# Cubeshape (Image generator for sq-1)



## primarycuber (Nov 9, 2014)

*Cubeshape (Yet another image generator for sq-1)*

*What is this*:
Yet another image generator for square-1.
The source code can be found here.

*How to use it?*

```
https://cubeshape.herokuapp.com/cubeshape/[shape]
```
Where [shape] is formed from *c* (corner) and *e* (edge) characters.
The default image size is 200px, but can be set via the *size* query parameter.

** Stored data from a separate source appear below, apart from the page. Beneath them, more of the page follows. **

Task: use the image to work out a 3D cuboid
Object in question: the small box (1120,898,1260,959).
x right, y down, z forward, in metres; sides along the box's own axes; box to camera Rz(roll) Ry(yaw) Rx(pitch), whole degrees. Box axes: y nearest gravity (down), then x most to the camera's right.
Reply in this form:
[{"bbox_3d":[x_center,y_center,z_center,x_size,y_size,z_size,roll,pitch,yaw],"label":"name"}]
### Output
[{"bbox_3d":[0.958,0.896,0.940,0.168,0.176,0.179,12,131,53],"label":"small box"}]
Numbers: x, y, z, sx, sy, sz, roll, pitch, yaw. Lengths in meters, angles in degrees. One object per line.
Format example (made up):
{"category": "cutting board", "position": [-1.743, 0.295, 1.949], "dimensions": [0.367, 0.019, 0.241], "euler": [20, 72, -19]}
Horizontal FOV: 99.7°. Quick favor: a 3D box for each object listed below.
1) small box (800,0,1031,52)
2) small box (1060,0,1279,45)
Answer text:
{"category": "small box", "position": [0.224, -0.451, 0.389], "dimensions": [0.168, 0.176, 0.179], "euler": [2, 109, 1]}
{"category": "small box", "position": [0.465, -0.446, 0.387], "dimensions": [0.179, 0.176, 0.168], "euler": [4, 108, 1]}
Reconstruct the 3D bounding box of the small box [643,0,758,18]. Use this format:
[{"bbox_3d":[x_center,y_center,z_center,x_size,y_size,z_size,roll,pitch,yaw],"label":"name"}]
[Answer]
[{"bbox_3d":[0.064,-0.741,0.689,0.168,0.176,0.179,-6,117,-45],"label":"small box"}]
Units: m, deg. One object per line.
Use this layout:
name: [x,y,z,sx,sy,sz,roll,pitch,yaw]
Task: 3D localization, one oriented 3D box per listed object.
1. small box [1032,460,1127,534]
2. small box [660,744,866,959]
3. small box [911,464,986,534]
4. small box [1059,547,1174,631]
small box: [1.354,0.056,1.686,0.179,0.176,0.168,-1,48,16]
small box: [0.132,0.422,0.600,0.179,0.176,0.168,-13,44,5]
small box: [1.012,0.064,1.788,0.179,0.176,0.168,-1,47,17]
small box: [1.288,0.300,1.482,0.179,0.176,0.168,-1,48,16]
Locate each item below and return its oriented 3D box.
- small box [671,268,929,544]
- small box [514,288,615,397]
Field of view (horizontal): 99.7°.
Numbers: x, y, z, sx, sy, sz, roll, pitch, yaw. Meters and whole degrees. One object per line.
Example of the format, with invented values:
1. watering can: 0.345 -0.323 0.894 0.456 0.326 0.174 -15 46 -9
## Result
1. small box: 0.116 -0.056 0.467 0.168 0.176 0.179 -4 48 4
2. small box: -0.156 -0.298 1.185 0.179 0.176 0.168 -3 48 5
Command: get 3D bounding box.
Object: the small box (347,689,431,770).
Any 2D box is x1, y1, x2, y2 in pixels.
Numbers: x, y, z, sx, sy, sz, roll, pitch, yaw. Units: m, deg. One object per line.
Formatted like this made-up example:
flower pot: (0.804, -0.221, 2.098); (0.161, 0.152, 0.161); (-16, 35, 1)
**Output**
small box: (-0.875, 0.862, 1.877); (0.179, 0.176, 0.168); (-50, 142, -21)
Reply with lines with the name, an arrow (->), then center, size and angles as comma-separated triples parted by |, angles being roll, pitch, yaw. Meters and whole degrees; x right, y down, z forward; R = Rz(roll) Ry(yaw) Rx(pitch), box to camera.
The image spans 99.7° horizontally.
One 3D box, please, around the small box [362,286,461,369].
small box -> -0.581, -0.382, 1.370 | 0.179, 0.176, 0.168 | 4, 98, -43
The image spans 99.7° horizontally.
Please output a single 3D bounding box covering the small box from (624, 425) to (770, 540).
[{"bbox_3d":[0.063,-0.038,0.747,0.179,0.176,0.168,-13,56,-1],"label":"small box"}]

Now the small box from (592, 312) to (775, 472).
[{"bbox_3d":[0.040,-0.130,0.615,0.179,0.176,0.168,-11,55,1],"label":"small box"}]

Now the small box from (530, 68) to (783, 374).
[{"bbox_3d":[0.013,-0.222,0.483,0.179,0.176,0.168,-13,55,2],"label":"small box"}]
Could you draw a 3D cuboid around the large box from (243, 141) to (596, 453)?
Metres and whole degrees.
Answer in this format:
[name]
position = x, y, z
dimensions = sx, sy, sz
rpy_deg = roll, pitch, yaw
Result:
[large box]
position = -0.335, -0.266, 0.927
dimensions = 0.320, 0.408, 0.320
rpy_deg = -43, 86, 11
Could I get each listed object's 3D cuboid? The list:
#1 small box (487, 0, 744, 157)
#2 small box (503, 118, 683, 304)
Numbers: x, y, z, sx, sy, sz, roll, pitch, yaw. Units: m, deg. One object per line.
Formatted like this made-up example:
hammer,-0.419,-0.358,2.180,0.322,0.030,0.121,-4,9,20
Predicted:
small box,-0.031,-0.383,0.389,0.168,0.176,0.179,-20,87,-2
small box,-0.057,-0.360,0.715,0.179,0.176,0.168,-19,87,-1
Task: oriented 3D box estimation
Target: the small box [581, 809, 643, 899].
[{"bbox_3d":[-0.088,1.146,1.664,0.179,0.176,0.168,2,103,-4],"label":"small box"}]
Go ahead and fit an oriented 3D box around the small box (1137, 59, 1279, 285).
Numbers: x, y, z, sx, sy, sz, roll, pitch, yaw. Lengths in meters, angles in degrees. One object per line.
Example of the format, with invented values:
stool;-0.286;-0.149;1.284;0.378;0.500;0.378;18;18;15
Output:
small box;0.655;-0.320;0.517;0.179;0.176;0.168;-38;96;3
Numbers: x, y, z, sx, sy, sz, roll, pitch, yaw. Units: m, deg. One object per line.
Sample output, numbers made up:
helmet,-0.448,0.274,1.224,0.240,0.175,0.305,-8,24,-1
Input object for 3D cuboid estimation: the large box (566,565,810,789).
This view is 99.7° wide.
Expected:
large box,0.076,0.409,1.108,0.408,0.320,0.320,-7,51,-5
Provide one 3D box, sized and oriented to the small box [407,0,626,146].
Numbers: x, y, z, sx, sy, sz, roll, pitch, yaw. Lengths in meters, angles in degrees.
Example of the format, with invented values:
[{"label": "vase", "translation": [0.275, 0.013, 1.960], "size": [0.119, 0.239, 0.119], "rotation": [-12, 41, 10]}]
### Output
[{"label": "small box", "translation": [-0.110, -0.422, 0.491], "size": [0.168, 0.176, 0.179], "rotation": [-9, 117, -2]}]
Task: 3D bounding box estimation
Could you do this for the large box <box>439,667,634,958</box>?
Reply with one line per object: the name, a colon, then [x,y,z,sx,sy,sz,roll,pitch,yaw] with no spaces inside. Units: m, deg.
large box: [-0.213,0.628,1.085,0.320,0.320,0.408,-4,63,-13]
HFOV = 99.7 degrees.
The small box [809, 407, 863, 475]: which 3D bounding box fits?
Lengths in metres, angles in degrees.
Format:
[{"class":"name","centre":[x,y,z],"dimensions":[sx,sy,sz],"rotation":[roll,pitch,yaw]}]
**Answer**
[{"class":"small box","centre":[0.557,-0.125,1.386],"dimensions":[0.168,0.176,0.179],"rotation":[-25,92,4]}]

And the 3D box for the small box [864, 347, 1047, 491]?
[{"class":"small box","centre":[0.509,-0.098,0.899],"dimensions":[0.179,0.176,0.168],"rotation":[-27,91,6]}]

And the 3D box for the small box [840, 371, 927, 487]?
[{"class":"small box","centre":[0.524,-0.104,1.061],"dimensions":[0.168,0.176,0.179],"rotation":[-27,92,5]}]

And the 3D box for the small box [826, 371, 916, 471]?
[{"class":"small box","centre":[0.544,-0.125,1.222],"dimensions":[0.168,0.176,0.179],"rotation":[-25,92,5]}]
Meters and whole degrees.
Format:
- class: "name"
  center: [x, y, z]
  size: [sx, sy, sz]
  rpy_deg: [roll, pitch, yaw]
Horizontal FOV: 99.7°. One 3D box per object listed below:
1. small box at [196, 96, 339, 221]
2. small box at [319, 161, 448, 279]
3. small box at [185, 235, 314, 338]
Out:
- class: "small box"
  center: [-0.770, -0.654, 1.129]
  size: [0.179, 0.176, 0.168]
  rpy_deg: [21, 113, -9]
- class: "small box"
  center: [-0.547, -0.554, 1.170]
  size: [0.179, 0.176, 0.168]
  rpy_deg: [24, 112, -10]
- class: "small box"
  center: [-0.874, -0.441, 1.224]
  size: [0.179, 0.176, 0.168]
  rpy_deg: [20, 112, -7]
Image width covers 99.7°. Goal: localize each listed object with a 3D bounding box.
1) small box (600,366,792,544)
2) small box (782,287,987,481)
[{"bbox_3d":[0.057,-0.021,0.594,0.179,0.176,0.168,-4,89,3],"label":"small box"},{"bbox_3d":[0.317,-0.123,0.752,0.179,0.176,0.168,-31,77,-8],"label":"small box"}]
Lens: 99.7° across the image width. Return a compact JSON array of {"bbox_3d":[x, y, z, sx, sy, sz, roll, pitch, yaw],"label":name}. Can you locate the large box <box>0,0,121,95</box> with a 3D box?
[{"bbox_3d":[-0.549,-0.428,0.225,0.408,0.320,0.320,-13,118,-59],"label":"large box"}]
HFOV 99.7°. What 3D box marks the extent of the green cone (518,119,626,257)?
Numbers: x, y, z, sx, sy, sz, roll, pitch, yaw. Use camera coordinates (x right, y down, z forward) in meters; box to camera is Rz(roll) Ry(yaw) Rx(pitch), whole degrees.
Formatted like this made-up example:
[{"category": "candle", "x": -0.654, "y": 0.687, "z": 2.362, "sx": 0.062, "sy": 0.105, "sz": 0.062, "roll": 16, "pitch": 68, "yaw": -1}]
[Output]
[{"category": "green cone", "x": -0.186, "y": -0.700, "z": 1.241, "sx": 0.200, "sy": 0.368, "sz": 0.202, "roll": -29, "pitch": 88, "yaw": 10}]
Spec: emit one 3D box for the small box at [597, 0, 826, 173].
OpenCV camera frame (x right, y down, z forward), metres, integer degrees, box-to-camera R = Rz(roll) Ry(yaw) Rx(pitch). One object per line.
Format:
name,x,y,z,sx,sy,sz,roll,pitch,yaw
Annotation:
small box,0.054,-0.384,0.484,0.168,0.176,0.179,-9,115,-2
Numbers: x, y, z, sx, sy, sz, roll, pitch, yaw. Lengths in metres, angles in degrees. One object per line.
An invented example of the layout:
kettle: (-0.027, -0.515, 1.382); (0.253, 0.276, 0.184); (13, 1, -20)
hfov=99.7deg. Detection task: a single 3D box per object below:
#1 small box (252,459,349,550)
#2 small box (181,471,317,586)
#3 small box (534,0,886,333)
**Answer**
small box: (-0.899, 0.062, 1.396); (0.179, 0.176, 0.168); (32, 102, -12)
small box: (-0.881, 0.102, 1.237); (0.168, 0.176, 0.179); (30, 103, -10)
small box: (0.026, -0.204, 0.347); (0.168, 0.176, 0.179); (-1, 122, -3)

The default color is dark grey, but everything (including side stickers) can be set via the *colors* query parameter.


```
Color codes:
d: darkgrey
w: white
y: yellow
o: orange
r: red
g: green
b: blue
```

If _colors.length <= shape.lengt_ only the pieces will be colored, else you need to provide 3 colors for corners (color, left side, right side) and 2 colors for edges (color, side).
You can use any non-alphanumeric character as a separator between the color blocks.

*Examples*:

*default colors, default size*

```
https://cubeshape.herokuapp.com/cubeshape/eeccccc
```







*size set to 350*

```
https://cubeshape.herokuapp.com/cubeshape/eeeecceeee?size=350
```






*colored pieces*

```
https://cubeshape.herokuapp.com/cubeshape/eccecece?colors=wwyyyyyy
```






*colored pieces with side stickers*

```
https://cubeshape.herokuapp.com/cubeshape/ceceecec?&colors=yrb_yb_ybo_yo_wr_wr_g_wg_wgo
```






*parity*

```
https://cubeshape.herokuapp.com/cubeshape/cececece?&colors=yrb_yb_ybo_yo_yog_yr_ygr_yg
```


----------



## StachuK1992 (Nov 9, 2014)

Fantastic!
I'm surprised no one has created a sq-1 image generator before. (at least not to my knowledge)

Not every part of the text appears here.